The Court of Appeal’s decision


  1. The Court of Appeal remarked that it is important that the procedural rules of the Act and the Bankruptcy Rules (Cap 20, R 1, 2006 Rev Ed) (“the Rules”) were complied with as they could yield substantive outcomes. This was because a dissenting minority creditor may find itself involuntarily bound by a voluntary arrangement (at [42]).


  2. Rule 84 of the Rules provides a comprehensive and sequential process for the determination of claims in a creditors’ meeting (at [48]):


  1. Under r 84(1), there is a presumption that a creditor who is summoned to a meeting has an entitlement to vote (at [49]);


  2. Under r 84(3), a creditor with an unliquidated or unascertained debt would be unable to vote, unless the nominee agrees to place a just estimated minimum (at [50]);


  3. Under rr 84(3) and 84(4), if the nominee decides to reject, or otherwise exclude some or all of the creditor’s claim, he should provide written reasons, which are then subject to appeal (at [51]);


  4. Under r 84(4), when a debt was liquidated and ascertainable, or unliquidated and unascertainable (but for which an estimated minimum sum was agreed on), the nominee may still entertain doubts. He should mark such claims as “objected to” and allow the creditor to vote subject to the objection being maintained (at [52]); and


  5. Under r 84(7), it is for the court to decide whether the “objected to” votes are invalid. In the meantime, the effect of the “objected to” votes on the overall outcome nevertheless remains (at [54]).
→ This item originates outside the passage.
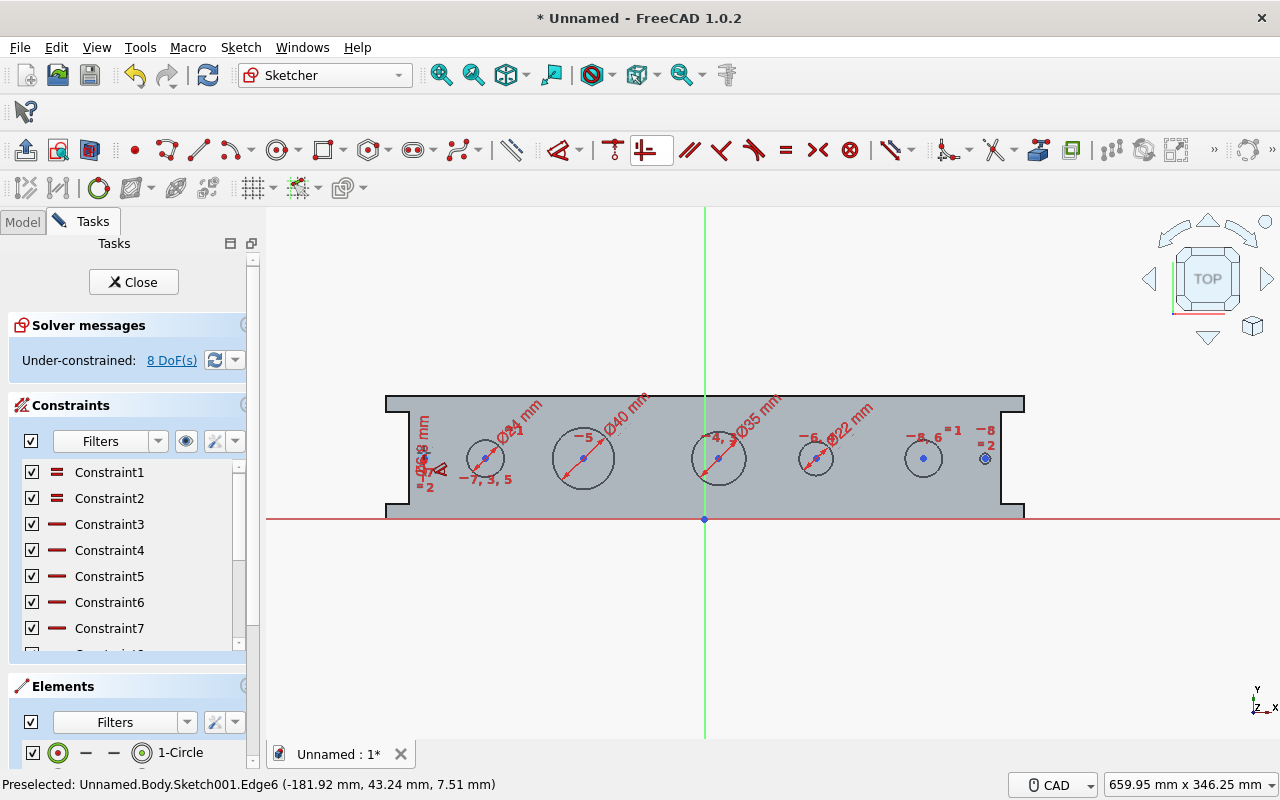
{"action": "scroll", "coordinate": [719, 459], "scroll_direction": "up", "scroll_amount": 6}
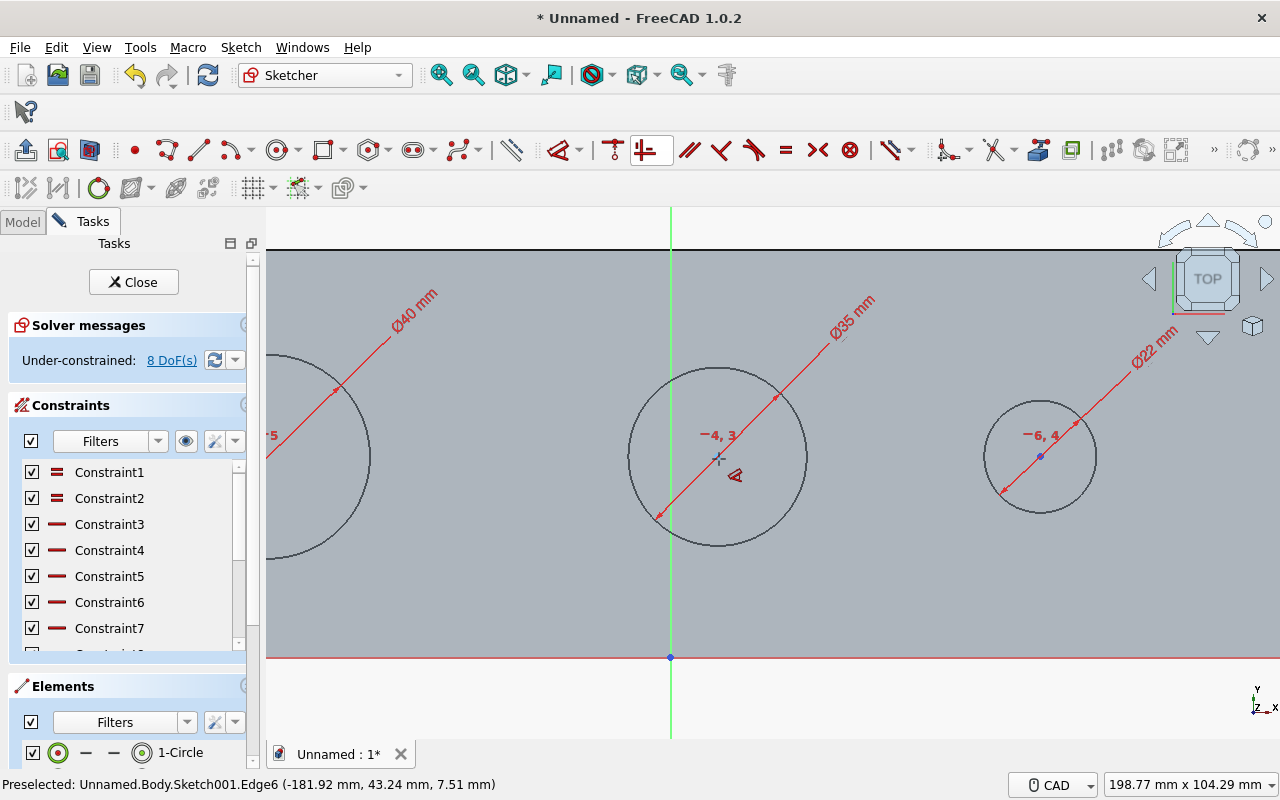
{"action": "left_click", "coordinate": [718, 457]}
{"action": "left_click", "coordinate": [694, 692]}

  1. It was apparent that the Nominee had considered the Litigation claims to be of an unliquidated and unascertainable value. However, under the exception to r 84(3) of the Rules, he proceeded to ascribe a minimum sum. Although he had doubts, he had recourse to the “objected to” procedure. It followed that the Litigation claims were admitted on an “objected to” basis and it was a material irregularity to have backtracked on his decision in his Creditors’ Meeting report. There were insufficient votes for Mr Aathar’s second proposed voluntary arrangement to pass muster (at [56], [70][71]).


  2. The Court of Appeal went on to note that a debtor who proposes a voluntary arrangement should be not only honest, but should also take care to put all relevant facts before the creditors. If a debtor wishes to take advantage of a voluntary arrangement and to avoid the otherwise undesirable consequences of bankruptcy proceedings, the onus is on him to be forthcoming (at [76]). Serious doubts had arisen with respect to the source of the funding for Mr Aathar’s voluntary arrangement, the bona fides of the claims of 24 Indonesian creditors, and those of Golden Cliff (at [85]).


  3. There is a corresponding duty on the nominee to satisfy his doubts about the debtor’s proposal. Where the fullness or candour of the debtor’s information has come into question, the nominee must take such steps as are in all the circumstances reasonable to satisfy those doubts (at [77][78]). Given the various doubts that had already arisen about Mr Aathar’s first voluntary arrangement it would have been incumbent on the Nominee to be circumspect (at [86]). A nominee’s duty of diligence and scrutiny cannot be abdicated to the creditors, no matter how savvy or well represented they are (at [89]). The Court of Appeal agreed with the High Court Judge that there were several material irregularities and dismissed the appeals with costs to the respondents (at [91][92]).


This summary is provided to assist in the understanding of the Court’s grounds of decision. It is not intended to be a substitute for the reasons of the Court. All numbers in bold font and square brackets refer to the corresponding paragraph numbers in the Court’s grounds of decision.